Write out the line that contains "Page size: 1275x1650.", then every following line to the end of the records below, with no other lines and no changes.

BEGIN RECORDS TO PROCESS

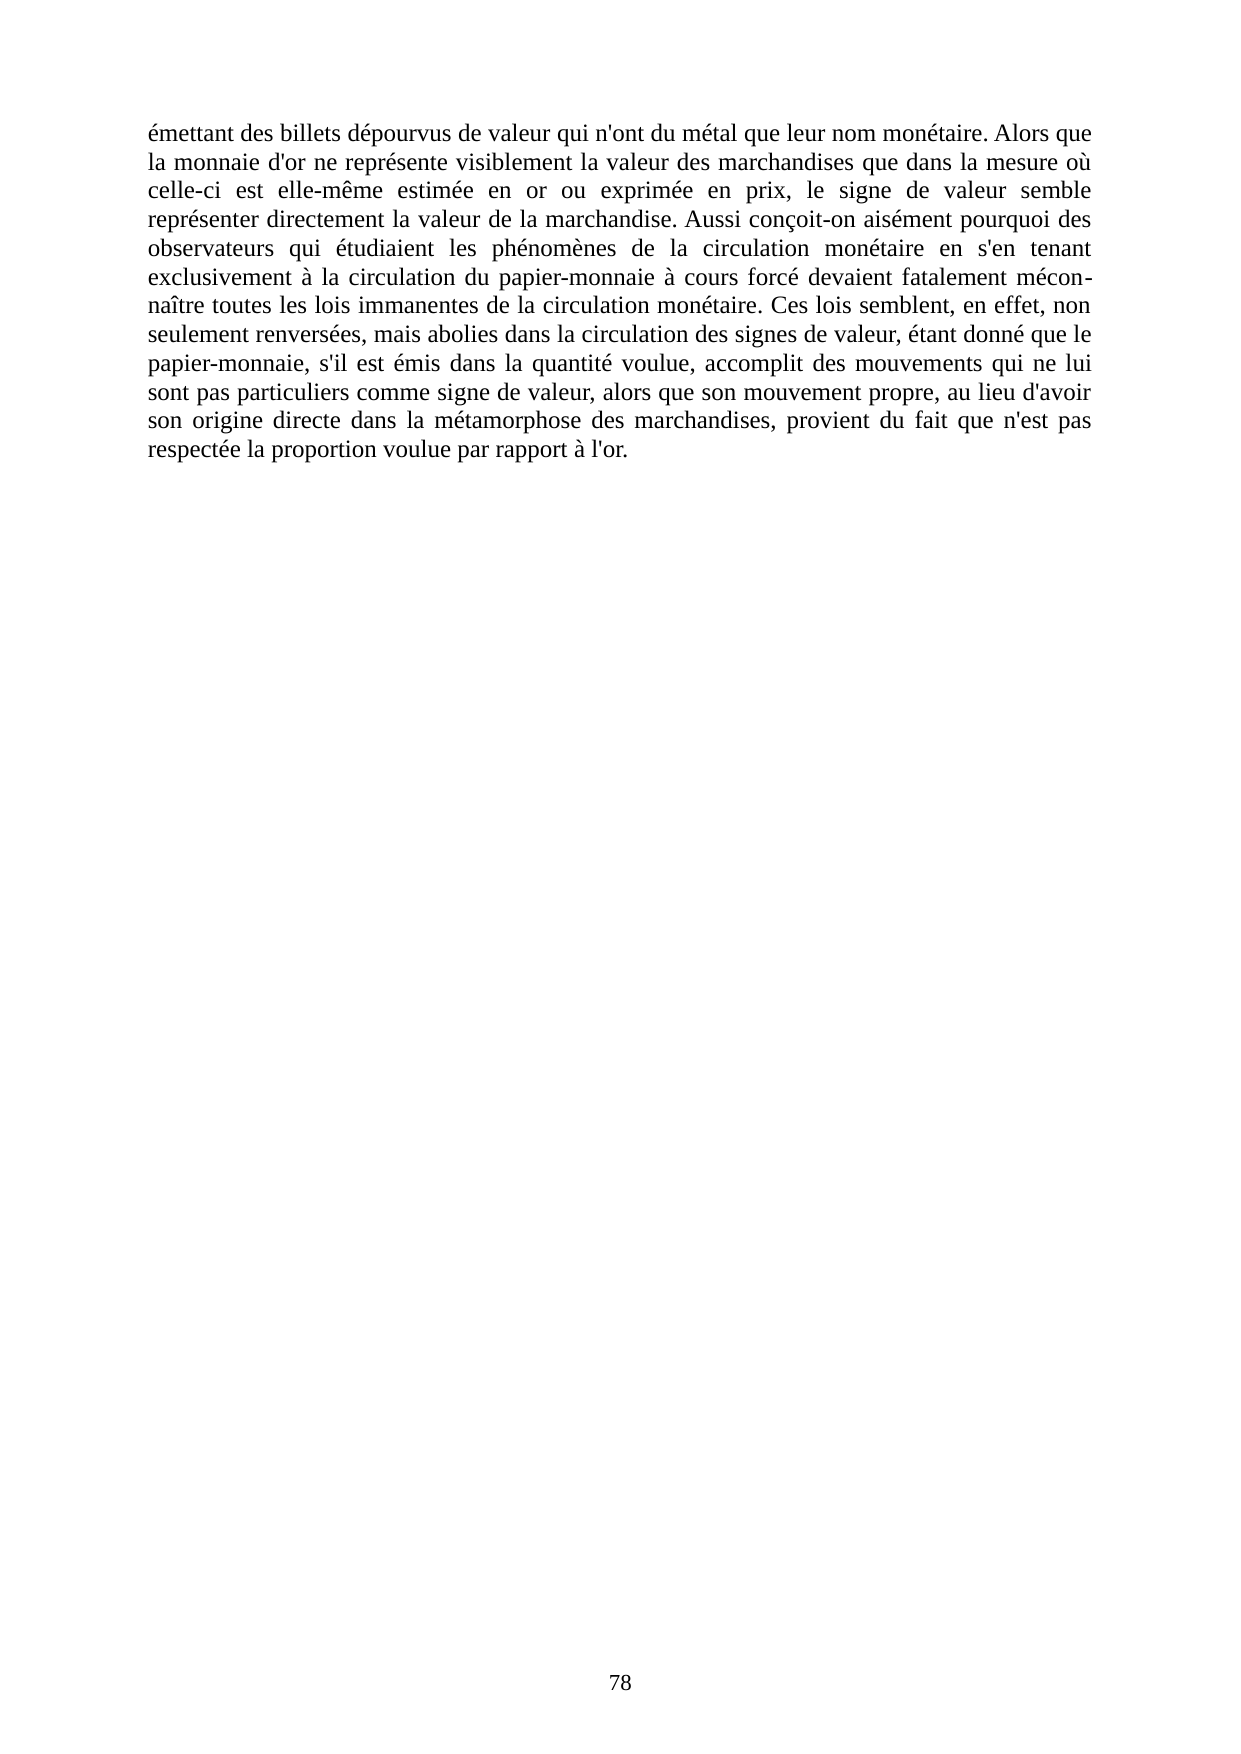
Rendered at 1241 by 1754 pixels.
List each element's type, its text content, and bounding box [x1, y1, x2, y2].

text émettant des billets dépourvus de valeur qui n'ont du métal que leur nom monétaire. Alors que la monnaie d'or ne représente visiblement la valeur des marchandises que dans la mesure où celle-ci est elle-même estimée en or ou exprimée en prix, le signe de valeur semble représenter directement la valeur de la marchandise. Aussi conçoit-on aisément pourquoi des observateurs qui étudiaient les phénomènes de la circulation monétaire en s'en tenant exclusivement à la circulation du papier-monnaie à cours forcé devaient fatalement mécon­naître toutes les lois immanentes de la circulation monétaire. Ces lois semblent, en effet, non seulement renversées, mais abolies dans la circulation des signes de valeur, étant donné que le papier-monnaie, s'il est émis dans la quantité voulue, accomplit des mouvements qui ne lui sont pas particuliers comme signe de valeur, alors que son mouvement propre, au lieu d'avoir son origine directe dans la métamorphose des marchandises, provient du fait que n'est pas respectée la proportion voulue par rapport à l'or. [148, 118, 1093, 463]
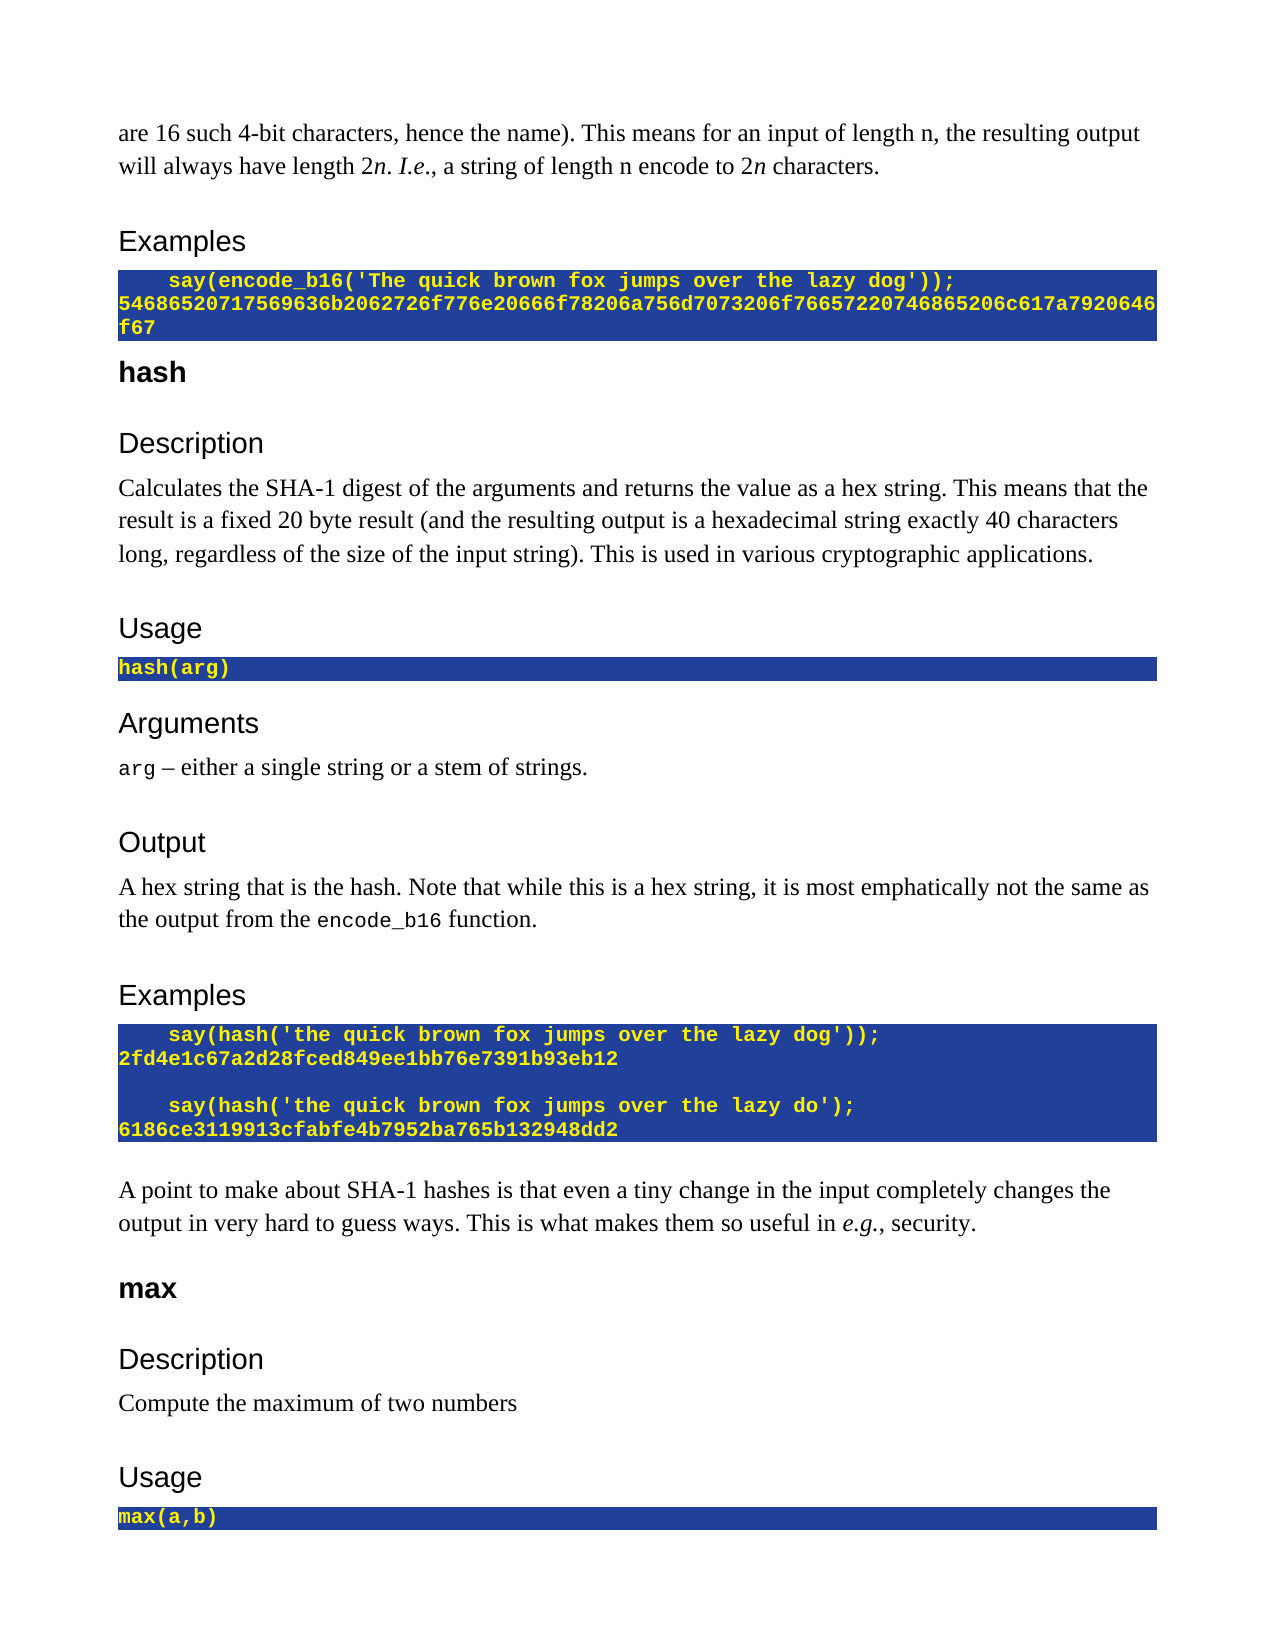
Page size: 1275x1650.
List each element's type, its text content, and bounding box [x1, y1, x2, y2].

END RECORDS TO PROCESS

* **RESPONSE TO THE EXERCISE**
Page size: 1275x1650.
List each element's type, its text content, and bounding box [x1, y1, x2, y2].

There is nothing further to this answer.